The Legend of Sleepy Hollow

The non-believer may already understand that what preys upon the unsuspecting plagues the believer even more greatly, but he likely misinterprets the foundation of such fear.  He will claim that the strongly religious see goblins and ghouls because they wish to devolve to these beings responsibility for men's crimes; the Devil's existence being as laughable as that of some Higher Entity, he may add that such believers need to counteract the goodness in their hearts with the evil emotions that sometimes overcome them.  But here is a question of heads and tails.  Responsibility for the evil done unto others lies in our hands – this even the believer knows.  And yet somewhere between the headlines of gore and wickedness one senses another presence, a dark whisper that feels like the wind, a rattling of one's bones that would normally be a shiver.  What this really is has many scientific explanations, and perhaps they are all in a way not untrue.  Yet even as children and without any parental encouragement, those of faith sense something stirring beneath the surface of our plain and pleasing world.  Occasionally it even appears at brief junctures in a shadow, a vision, an eerie, unexplained whistle during an otherwise noiseless night.  And what lurks in the heart of men, good and bad, forms the core of this classic tale.

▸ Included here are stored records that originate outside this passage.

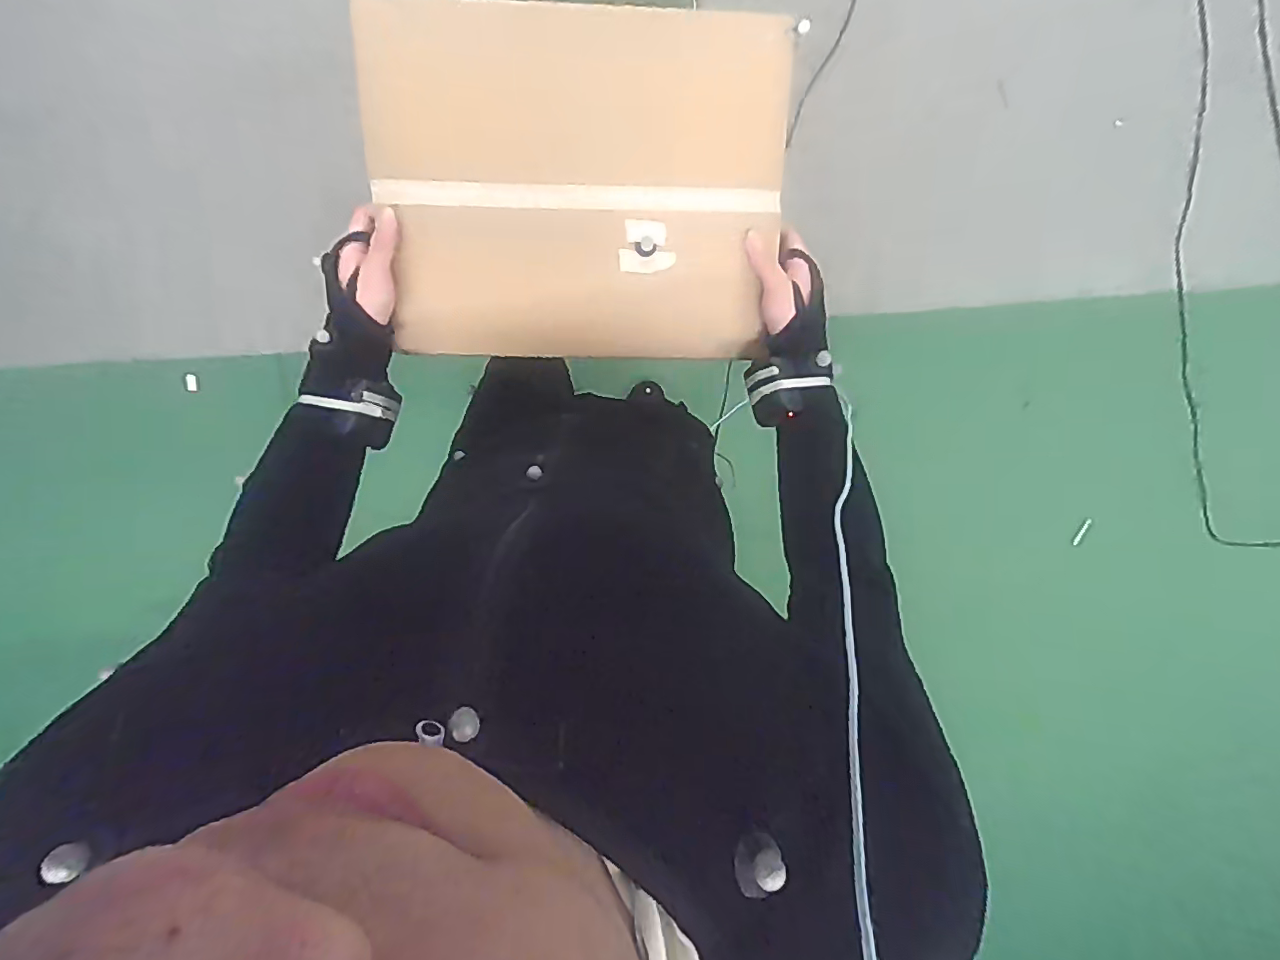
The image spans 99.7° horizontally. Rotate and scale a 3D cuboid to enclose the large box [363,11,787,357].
[{"bbox_3d":[-0.068,-0.331,0.691,0.408,0.320,0.320,0,109,-4],"label":"large box"}]
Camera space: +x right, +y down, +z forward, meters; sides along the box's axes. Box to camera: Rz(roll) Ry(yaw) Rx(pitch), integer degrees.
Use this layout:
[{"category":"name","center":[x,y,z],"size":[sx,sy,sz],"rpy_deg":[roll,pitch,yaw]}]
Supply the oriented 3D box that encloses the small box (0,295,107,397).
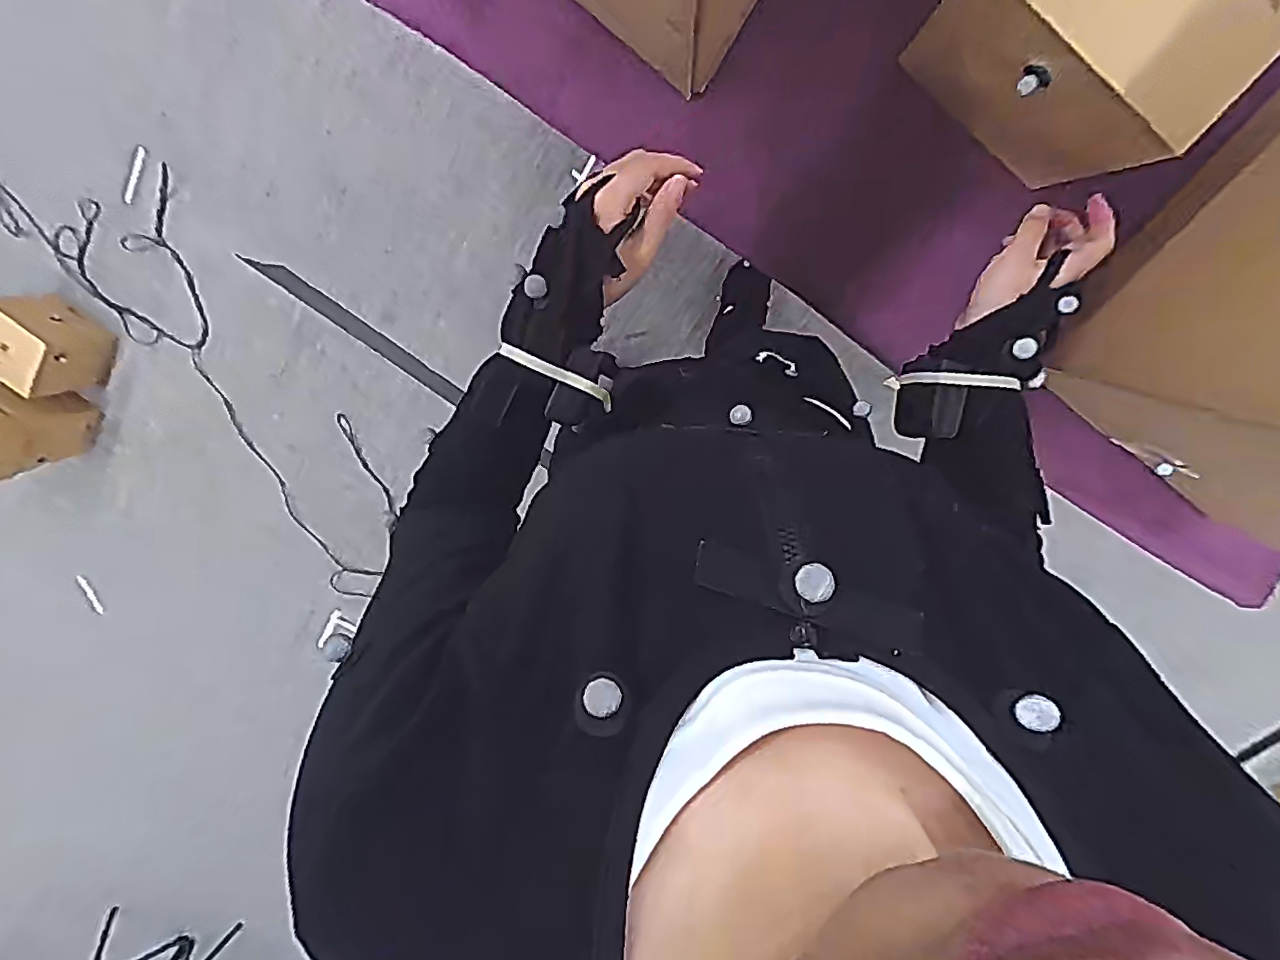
[{"category":"small box","center":[-1.482,-0.336,1.329],"size":[0.168,0.176,0.179],"rpy_deg":[40,110,-10]}]

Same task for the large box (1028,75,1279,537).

In the vein of proper horror stories, our exposition of the facts should begin with a warning.  We land in a village in the state of New York, a "spell-bound region" populated by cruller-eating, Mynheer-saying Dutch settlers who have remained isolated from the world abroad and its sweeping turns.  In this case the warning comes in the form of a legend whose stalk has grown well past the landscape's other weeds:

A drowsy, dreamy influence seems to hang over the land, and to pervade the very atmosphere .... Certain it is, the place still continues under the sway of some witching power, that holds a spell over the minds of the good people, causing them to walk in a continual reverie.  They are given to all kinds of marvellous beliefs, are subject to trances and visions, and frequently see strange sights, and hear music and voices in the air.  The whole neighborhood abounds with local tales, haunted spots, and twilight superstitions .... The dominant spirit, however, that haunts this enchanted region, and seems to be commander-in-chief of all the powers of the air, is the apparition of a figure on horseback, without a head.  It is said by some to be the ghost of a Hessian trooper, whose head had been carried away by a cannon-ball, in some nameless battle during the Revolutionary War, and who is ever and anon seen by the country folk hurrying along in the gloom of night, as if on the wings of the wind.  His haunts are not confined to the valley, but extend at times to the adjacent roads, and especially to the vicinity of a church at no great distance.  Indeed, certain of the most authentic historians of those parts, who have been careful in collecting and collating the floating facts concerning this spectre, allege that the body of the trooper having been buried in the churchyard, the ghost rides forth to the scene of battle in nightly quest of his head, and that the rushing speed with which he sometimes passes along the Hollow, like a midnight blast, is owing to his being belated, and in a hurry to get back to the churchyard before daybreak.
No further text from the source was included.